Work order:
In the data that follows, how many lines contain the word "track"? Give only that number.

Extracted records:

——————————

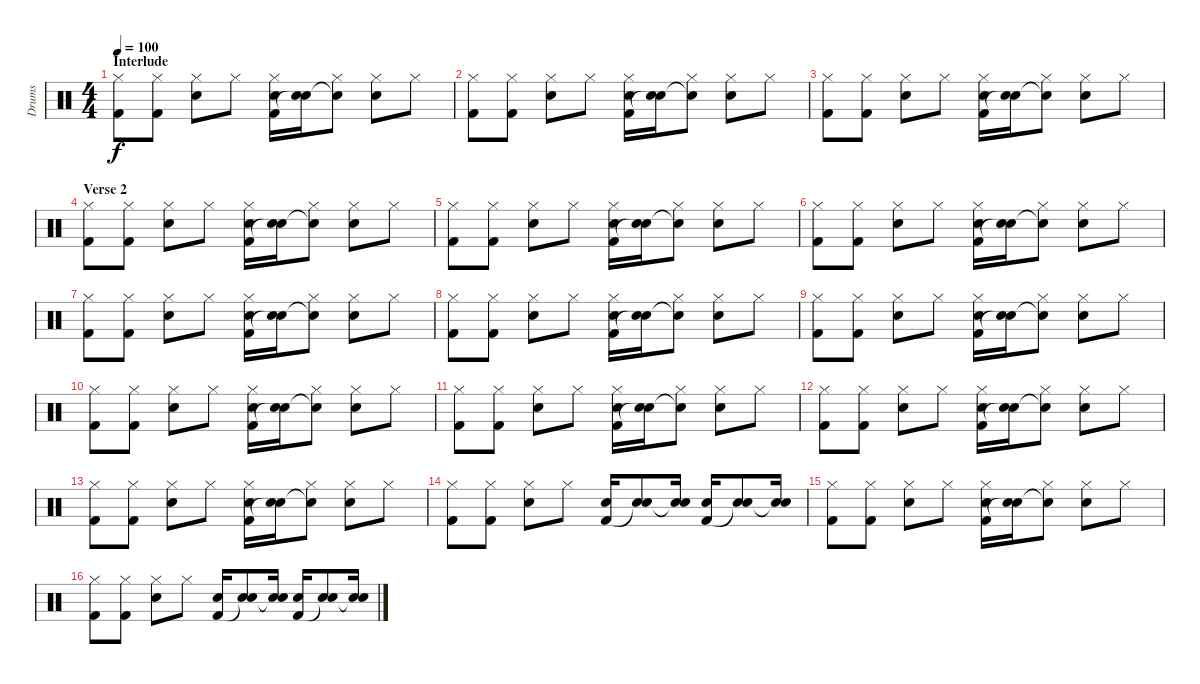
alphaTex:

\track ("Drums" "Drums") {instrument percussion}
\staff {score}
\articulation defaults
\ts (4 4)
\section ("" "Interlude")
\tempo 100
\clef neutral
\ks c
("Kick (hit) 2" "Hi-Hat (closed)").8{dy f} ("Kick (hit) 2" "Hi-Hat (closed)").8 ("Snare (hit) 2" "Hi-Hat (closed)").8 "Hi-Hat (closed)".8 ("Kick (hit) 2" "Snare (hit) 2" "Hi-Hat (closed)").16 ("Snare (hit)"{t} "Snare (hit) 2").16 ("Snare (hit)"{t} "Hi-Hat (closed)").8 ("Snare (hit) 2" "Hi-Hat (closed)").8 "Hi-Hat (closed)".8 |
("Kick (hit) 2" "Hi-Hat (closed)").8 ("Kick (hit) 2" "Hi-Hat (closed)").8 ("Snare (hit) 2" "Hi-Hat (closed)").8 "Hi-Hat (closed)".8 ("Kick (hit) 2" "Snare (hit) 2" "Hi-Hat (closed)").16 ("Snare (hit)"{t} "Snare (hit) 2").16 ("Snare (hit)"{t} "Hi-Hat (closed)").8 ("Snare (hit) 2" "Hi-Hat (closed)").8 "Hi-Hat (closed)".8 |
("Kick (hit) 2" "Hi-Hat (closed)").8 ("Kick (hit) 2" "Hi-Hat (closed)").8 ("Snare (hit) 2" "Hi-Hat (closed)").8 "Hi-Hat (closed)".8 ("Kick (hit) 2" "Snare (hit) 2" "Hi-Hat (closed)").16 ("Snare (hit)"{t} "Snare (hit) 2").16 ("Snare (hit)"{t} "Hi-Hat (closed)").8 ("Snare (hit) 2" "Hi-Hat (closed)").8 "Hi-Hat (closed)".8 |
\section ("" "Verse 2")
("Kick (hit) 2" "Hi-Hat (closed)").8 ("Kick (hit) 2" "Hi-Hat (closed)").8 ("Snare (hit) 2" "Hi-Hat (closed)").8 "Hi-Hat (closed)".8 ("Kick (hit) 2" "Snare (hit) 2" "Hi-Hat (closed)").16 ("Snare (hit)"{t} "Snare (hit) 2").16 ("Snare (hit)"{t} "Hi-Hat (closed)").8 ("Snare (hit) 2" "Hi-Hat (closed)").8 "Hi-Hat (closed)".8 |
("Kick (hit) 2" "Hi-Hat (closed)").8 ("Kick (hit) 2" "Hi-Hat (closed)").8 ("Snare (hit) 2" "Hi-Hat (closed)").8 "Hi-Hat (closed)".8 ("Kick (hit) 2" "Snare (hit) 2" "Hi-Hat (closed)").16 ("Snare (hit)"{t} "Snare (hit) 2").16 ("Snare (hit)"{t} "Hi-Hat (closed)").8 ("Snare (hit) 2" "Hi-Hat (closed)").8 "Hi-Hat (closed)".8 |
("Kick (hit) 2" "Hi-Hat (closed)").8 ("Kick (hit) 2" "Hi-Hat (closed)").8 ("Snare (hit) 2" "Hi-Hat (closed)").8 "Hi-Hat (closed)".8 ("Kick (hit) 2" "Snare (hit) 2" "Hi-Hat (closed)").16 ("Snare (hit)"{t} "Snare (hit) 2").16 ("Snare (hit)"{t} "Hi-Hat (closed)").8 ("Snare (hit) 2" "Hi-Hat (closed)").8 "Hi-Hat (closed)".8 |
("Kick (hit) 2" "Hi-Hat (closed)").8 ("Kick (hit) 2" "Hi-Hat (closed)").8 ("Snare (hit) 2" "Hi-Hat (closed)").8 "Hi-Hat (closed)".8 ("Kick (hit) 2" "Snare (hit) 2" "Hi-Hat (closed)").16 ("Snare (hit)"{t} "Snare (hit) 2").16 ("Snare (hit)"{t} "Hi-Hat (closed)").8 ("Snare (hit) 2" "Hi-Hat (closed)").8 "Hi-Hat (closed)".8 |
("Kick (hit) 2" "Hi-Hat (closed)").8 ("Kick (hit) 2" "Hi-Hat (closed)").8 ("Snare (hit) 2" "Hi-Hat (closed)").8 "Hi-Hat (closed)".8 ("Kick (hit) 2" "Snare (hit) 2" "Hi-Hat (closed)").16 ("Snare (hit)"{t} "Snare (hit) 2").16 ("Snare (hit)"{t} "Hi-Hat (closed)").8 ("Snare (hit) 2" "Hi-Hat (closed)").8 "Hi-Hat (closed)".8 |
("Kick (hit) 2" "Hi-Hat (closed)").8 ("Kick (hit) 2" "Hi-Hat (closed)").8 ("Snare (hit) 2" "Hi-Hat (closed)").8 "Hi-Hat (closed)".8 ("Kick (hit) 2" "Snare (hit) 2" "Hi-Hat (closed)").16 ("Snare (hit)"{t} "Snare (hit) 2").16 ("Snare (hit)"{t} "Hi-Hat (closed)").8 ("Snare (hit) 2" "Hi-Hat (closed)").8 "Hi-Hat (closed)".8 |
("Kick (hit) 2" "Hi-Hat (closed)").8 ("Kick (hit) 2" "Hi-Hat (closed)").8 ("Snare (hit) 2" "Hi-Hat (closed)").8 "Hi-Hat (closed)".8 ("Kick (hit) 2" "Snare (hit) 2" "Hi-Hat (closed)").16 ("Snare (hit)"{t} "Snare (hit) 2").16 ("Snare (hit)"{t} "Hi-Hat (closed)").8 ("Snare (hit) 2" "Hi-Hat (closed)").8 "Hi-Hat (closed)".8 |
("Kick (hit) 2" "Hi-Hat (closed)").8 ("Kick (hit) 2" "Hi-Hat (closed)").8 ("Snare (hit) 2" "Hi-Hat (closed)").8 "Hi-Hat (closed)".8 ("Kick (hit) 2" "Snare (hit) 2" "Hi-Hat (closed)").16 ("Snare (hit)"{t} "Snare (hit) 2").16 ("Snare (hit)"{t} "Hi-Hat (closed)").8 ("Snare (hit) 2" "Hi-Hat (closed)").8 "Hi-Hat (closed)".8 |
("Kick (hit) 2" "Hi-Hat (closed)").8 ("Kick (hit) 2" "Hi-Hat (closed)").8 ("Snare (hit) 2" "Hi-Hat (closed)").8 "Hi-Hat (closed)".8 ("Kick (hit) 2" "Snare (hit) 2" "Hi-Hat (closed)").16 ("Snare (hit)"{t} "Snare (hit) 2").16 ("Snare (hit)"{t} "Hi-Hat (closed)").8 ("Snare (hit) 2" "Hi-Hat (closed)").8 "Hi-Hat (closed)".8 |
("Kick (hit) 2" "Hi-Hat (closed)").8 ("Kick (hit) 2" "Hi-Hat (closed)").8 ("Snare (hit) 2" "Hi-Hat (closed)").8 "Hi-Hat (closed)".8 ("Kick (hit) 2" "Snare (hit) 2" "Hi-Hat (closed)").16 ("Snare (hit)"{t} "Snare (hit) 2").16 ("Snare (hit)"{t} "Hi-Hat (closed)").8 ("Snare (hit) 2" "Hi-Hat (closed)").8 "Hi-Hat (closed)".8 |
("Kick (hit) 2" "Hi-Hat (closed)").8 ("Kick (hit) 2" "Hi-Hat (closed)").8 ("Snare (hit) 2" "Hi-Hat (closed)").8 "Hi-Hat (closed)".8 ("Kick (hit) 2" "Snare (hit) 2").16 ("Snare (hit)"{t} "Snare (hit) 2").8 ("Snare (hit)"{t} "Snare (hit) 2").16 ("Kick (hit) 2" "Snare (hit) 2").16 ("Snare (hit)"{t} "Snare (hit) 2").8 ("Snare (hit)"{t} "Snare (hit) 2").16 |
("Kick (hit) 2" "Hi-Hat (closed)").8 ("Kick (hit) 2" "Hi-Hat (closed)").8 ("Snare (hit) 2" "Hi-Hat (closed)").8 "Hi-Hat (closed)".8 ("Kick (hit) 2" "Snare (hit) 2" "Hi-Hat (closed)").16 ("Snare (hit)"{t} "Snare (hit) 2").16 ("Snare (hit)"{t} "Hi-Hat (closed)").8 ("Snare (hit) 2" "Hi-Hat (closed)").8 "Hi-Hat (closed)".8 |
("Kick (hit) 2" "Hi-Hat (closed)").8 ("Kick (hit) 2" "Hi-Hat (closed)").8 ("Snare (hit) 2" "Hi-Hat (closed)").8 "Hi-Hat (closed)".8 ("Kick (hit) 2" "Snare (hit) 2").16 ("Snare (hit)"{t} "Snare (hit) 2").8 ("Snare (hit)"{t} "Snare (hit) 2").16 ("Kick (hit) 2" "Snare (hit) 2").16 ("Snare (hit)"{t} "Snare (hit) 2").8 ("Snare (hit)"{t} "Snare (hit) 2").16
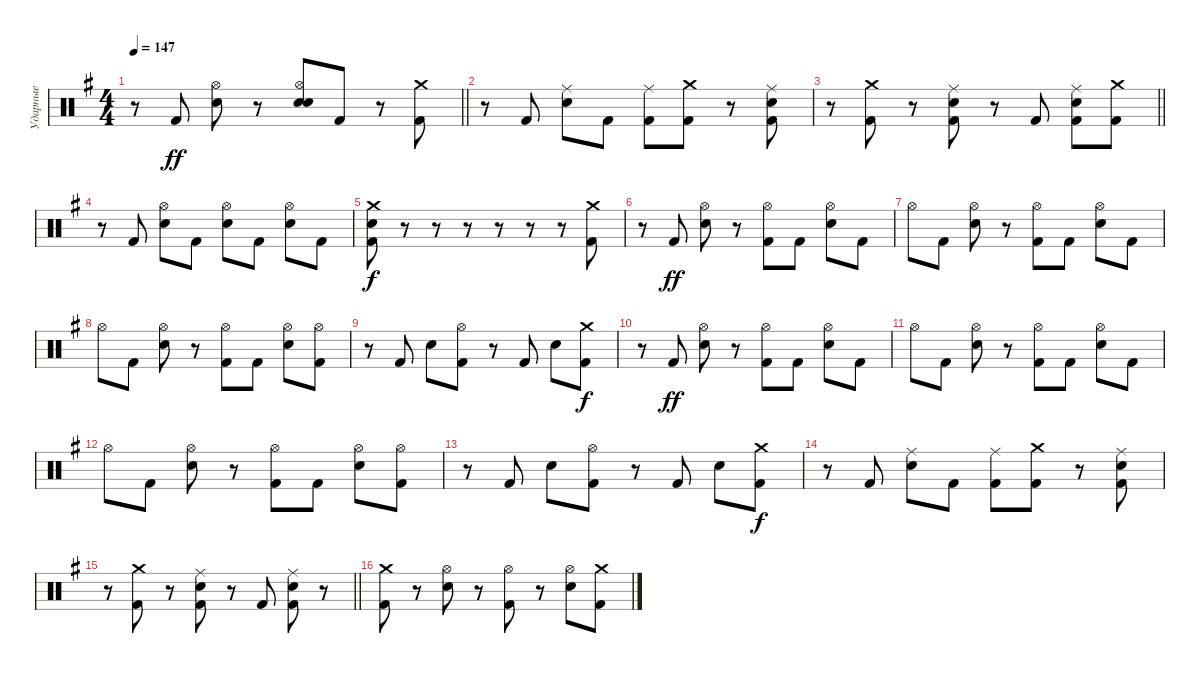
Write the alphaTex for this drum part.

\track ("Ударные" "Ударные") {instrument percussion}
\staff {score}
\articulation defaults
\ts (4 4)
\tempo 147
\clef neutral
\barLineRight lightlight
\ks eminor
r.8{dy ff} "Kick (hit) 2".8 ("Electric Snare (hit)" "Hi-Hat (open)").8 r.8 ("Snare (hit) 2" "Electric Snare (hit)" "Hi-Hat (open)").8 "Kick (hit) 2".8 r.8 ("Kick (hit) 2" "Crash medium (hit)").8 |
r.8 "Kick (hit) 2".8 ("Electric Snare (hit)" "Ride (middle)").8 "Kick (hit) 2".8 ("Kick (hit) 2" "Ride (middle)").8 ("Kick (hit) 2" "Crash medium (hit)").8 r.8 ("Kick (hit) 2" "Electric Snare (hit)" "Ride (middle)").8 |
\barLineRight lightlight
r.8 ("Kick (hit) 2" "Crash medium (hit)").8 r.8 ("Kick (hit) 2" "Electric Snare (hit)" "Ride (middle)").8 r.8 "Kick (hit) 2".8 ("Kick (hit) 2" "Electric Snare (hit)" "Ride (middle)").8 ("Kick (hit) 2" "Crash medium (hit)").8 |
r.8 "Kick (hit) 2".8 ("Electric Snare (hit)" "Hi-Hat (open)").8 "Kick (hit) 2".8 ("Electric Snare (hit)" "Hi-Hat (open)").8 "Kick (hit) 2".8 ("Electric Snare (hit)" "Hi-Hat (open)").8 "Kick (hit) 2".8 |
("Kick (hit) 2" "Electric Snare (hit)" "Crash medium (hit)").8{dy f} r.8 r.8 r.8 r.8 r.8 r.8 ("Kick (hit) 2" "Crash medium (hit)").8 |
r.8 "Kick (hit) 2".8{dy ff} ("Electric Snare (hit)" "Hi-Hat (open)").8 r.8 ("Kick (hit) 2" "Hi-Hat (open)").8 "Kick (hit) 2".8 ("Electric Snare (hit)" "Hi-Hat (open)").8 "Kick (hit) 2".8 |
"Hi-Hat (open)".8 "Kick (hit) 2".8 ("Electric Snare (hit)" "Hi-Hat (open)").8 r.8 ("Kick (hit) 2" "Hi-Hat (open)").8 "Kick (hit) 2".8 ("Electric Snare (hit)" "Hi-Hat (open)").8 "Kick (hit) 2".8 |
"Hi-Hat (open)".8 "Kick (hit) 2".8 ("Electric Snare (hit)" "Hi-Hat (open)").8 r.8 ("Kick (hit) 2" "Hi-Hat (open)").8 "Kick (hit) 2".8 ("Electric Snare (hit)" "Hi-Hat (open)").8 ("Kick (hit) 2" "Hi-Hat (open)").8 |
r.8 "Kick (hit) 2".8 "Electric Snare (hit)".8 ("Kick (hit) 2" "Hi-Hat (open)").8 r.8 "Kick (hit) 2".8 "Electric Snare (hit)".8 ("Kick (hit) 2" "Crash medium (hit)").8{dy f} |
r.8 "Kick (hit) 2".8{dy ff} ("Electric Snare (hit)" "Hi-Hat (open)").8 r.8 ("Kick (hit) 2" "Hi-Hat (open)").8 "Kick (hit) 2".8 ("Electric Snare (hit)" "Hi-Hat (open)").8 "Kick (hit) 2".8 |
"Hi-Hat (open)".8 "Kick (hit) 2".8 ("Electric Snare (hit)" "Hi-Hat (open)").8 r.8 ("Kick (hit) 2" "Hi-Hat (open)").8 "Kick (hit) 2".8 ("Electric Snare (hit)" "Hi-Hat (open)").8 "Kick (hit) 2".8 |
"Hi-Hat (open)".8 "Kick (hit) 2".8 ("Electric Snare (hit)" "Hi-Hat (open)").8 r.8 ("Kick (hit) 2" "Hi-Hat (open)").8 "Kick (hit) 2".8 ("Electric Snare (hit)" "Hi-Hat (open)").8 ("Kick (hit) 2" "Hi-Hat (open)").8 |
r.8 "Kick (hit) 2".8 "Electric Snare (hit)".8 ("Kick (hit) 2" "Hi-Hat (open)").8 r.8 "Kick (hit) 2".8 "Electric Snare (hit)".8 ("Kick (hit) 2" "Crash medium (hit)").8{dy f} |
r.8 "Kick (hit) 2".8 ("Electric Snare (hit)" "Ride (middle)").8 "Kick (hit) 2".8 ("Kick (hit) 2" "Ride (middle)").8 ("Kick (hit) 2" "Crash medium (hit)").8 r.8 ("Kick (hit) 2" "Electric Snare (hit)" "Ride (middle)").8 |
\barLineRight lightlight
r.8 ("Kick (hit) 2" "Crash medium (hit)").8 r.8 ("Kick (hit) 2" "Electric Snare (hit)" "Ride (middle)").8 r.8 "Kick (hit) 2".8 ("Kick (hit) 2" "Electric Snare (hit)" "Ride (middle)").8 r.8 |
("Kick (hit) 2" "Crash medium (hit)").8 r.8 ("Electric Snare (hit)" "Hi-Hat (open)").8 r.8 ("Kick (hit) 2" "Hi-Hat (open)").8 r.8 ("Electric Snare (hit)" "Hi-Hat (open)").8 ("Kick (hit) 2" "Crash medium (hit)").8

——————————

Result for this exercise:
2